Our study has several limitations. The treatment group size was small and did not allow the performance of additional biomechanical and biochemical (e.g., glycosaminoglycan (GAG)/DNA content) analyses. Also, the untreated group of animals was not included in the present study. Historical data strongly suggest that untreated osteochondral defects of similar size heal with predominantly fibrocartilaginous, and not hyaline, tissue, as expected [30]. These data allowed us to test the effect of biomaterials (with or w/o affinity-bound factors) on osteochondral regeneration and to reduce the number of the animals involved in the study. In addition, a longer follow-up (up to 1 year) would help to confirm a long-term efficacy and durability of the treatment, whereas interim noninvasive analyses, such as CT and compositional magnetic resonance imaging, may also be performed [31].

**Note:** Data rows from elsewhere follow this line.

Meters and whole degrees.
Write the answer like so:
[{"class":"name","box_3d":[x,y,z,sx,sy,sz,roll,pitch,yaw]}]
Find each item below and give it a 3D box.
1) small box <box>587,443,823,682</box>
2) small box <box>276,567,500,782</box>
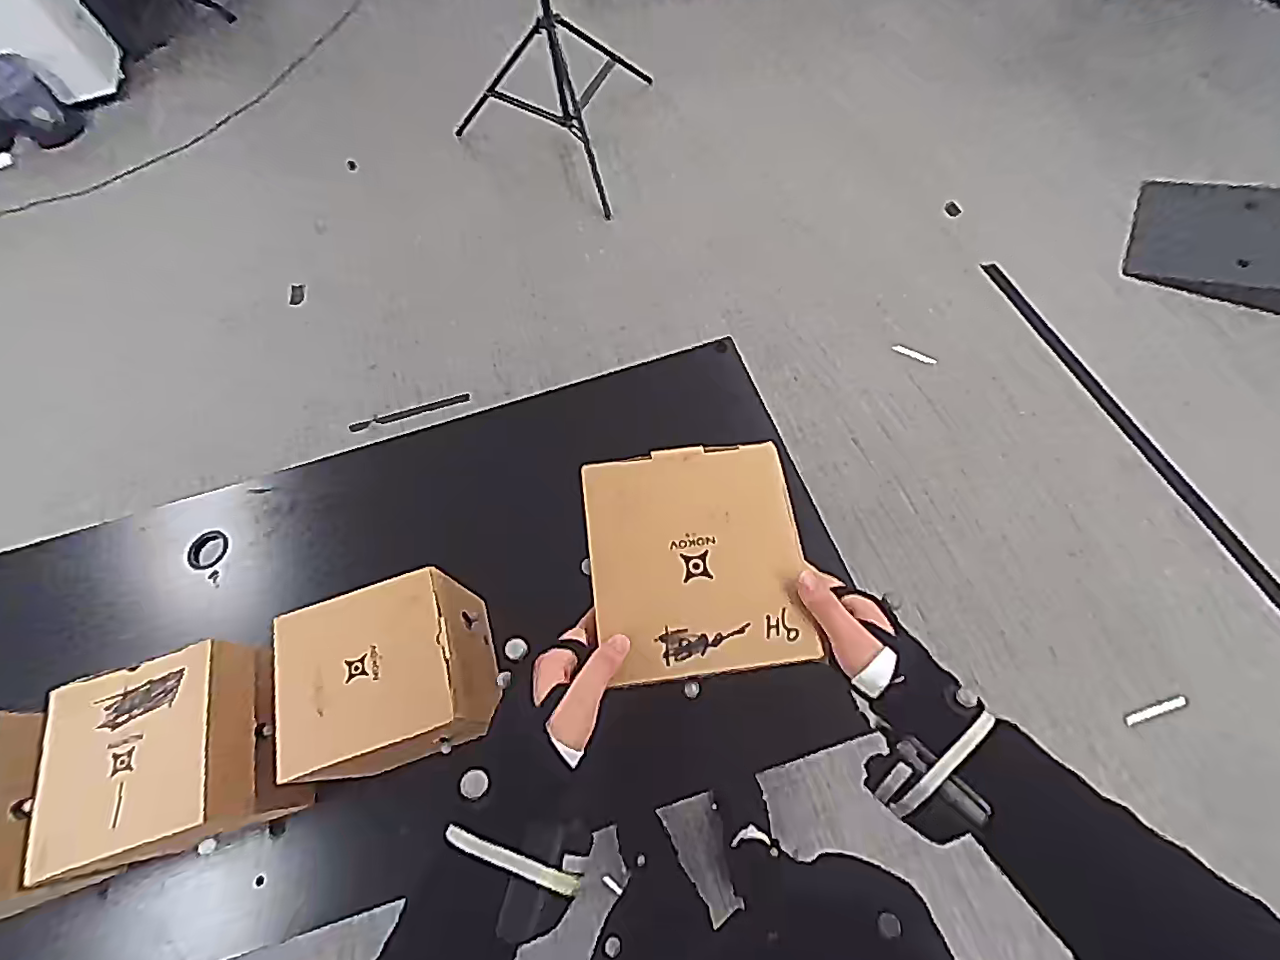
[{"class":"small box","box_3d":[0.045,0.085,0.497,0.168,0.176,0.179,-7,70,-2]},{"class":"small box","box_3d":[-0.274,0.223,0.619,0.179,0.176,0.168,-20,63,-4]}]
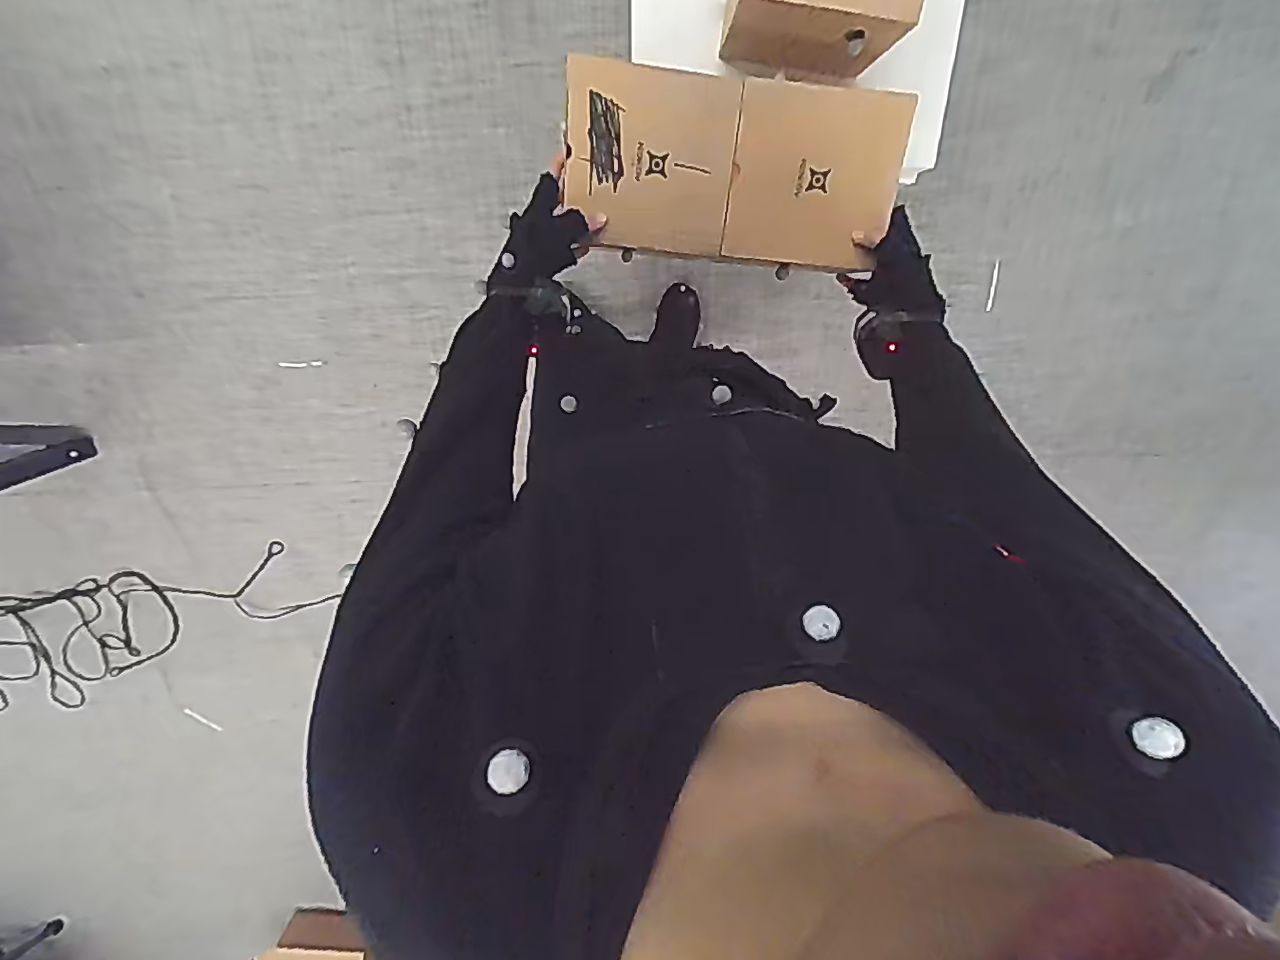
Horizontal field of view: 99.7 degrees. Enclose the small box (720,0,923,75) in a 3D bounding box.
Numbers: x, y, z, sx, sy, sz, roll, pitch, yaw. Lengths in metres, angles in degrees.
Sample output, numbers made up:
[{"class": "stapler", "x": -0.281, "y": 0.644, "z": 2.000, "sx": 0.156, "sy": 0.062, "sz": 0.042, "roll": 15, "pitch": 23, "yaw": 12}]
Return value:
[{"class": "small box", "x": 0.191, "y": -0.548, "z": 0.557, "sx": 0.179, "sy": 0.176, "sz": 0.168, "roll": 8, "pitch": 111, "yaw": -2}]

In conclusion, this proof-of-concept study shows that the treatment with acellular injectable GF-loaded affinity-binding alginate hydrogel results in effective restoration of articular cartilage with major hallmarks of hyaline tissue. These beneficial effects, attributed to spatial bio-inspired GF presentation, were shown in a clinically relevant large animal model after 6-month follow-up. The acellular and injectable nature of the biomaterial represents an effective off-the-shelf solution able to significantly augment current standard-of-care procedures, with strong translational potential and minimal implementation time, aiming at functional long-term relief in patients with articular cartilage damage.

Conflicts of interest

All contributing authors declare no conflicts of interest.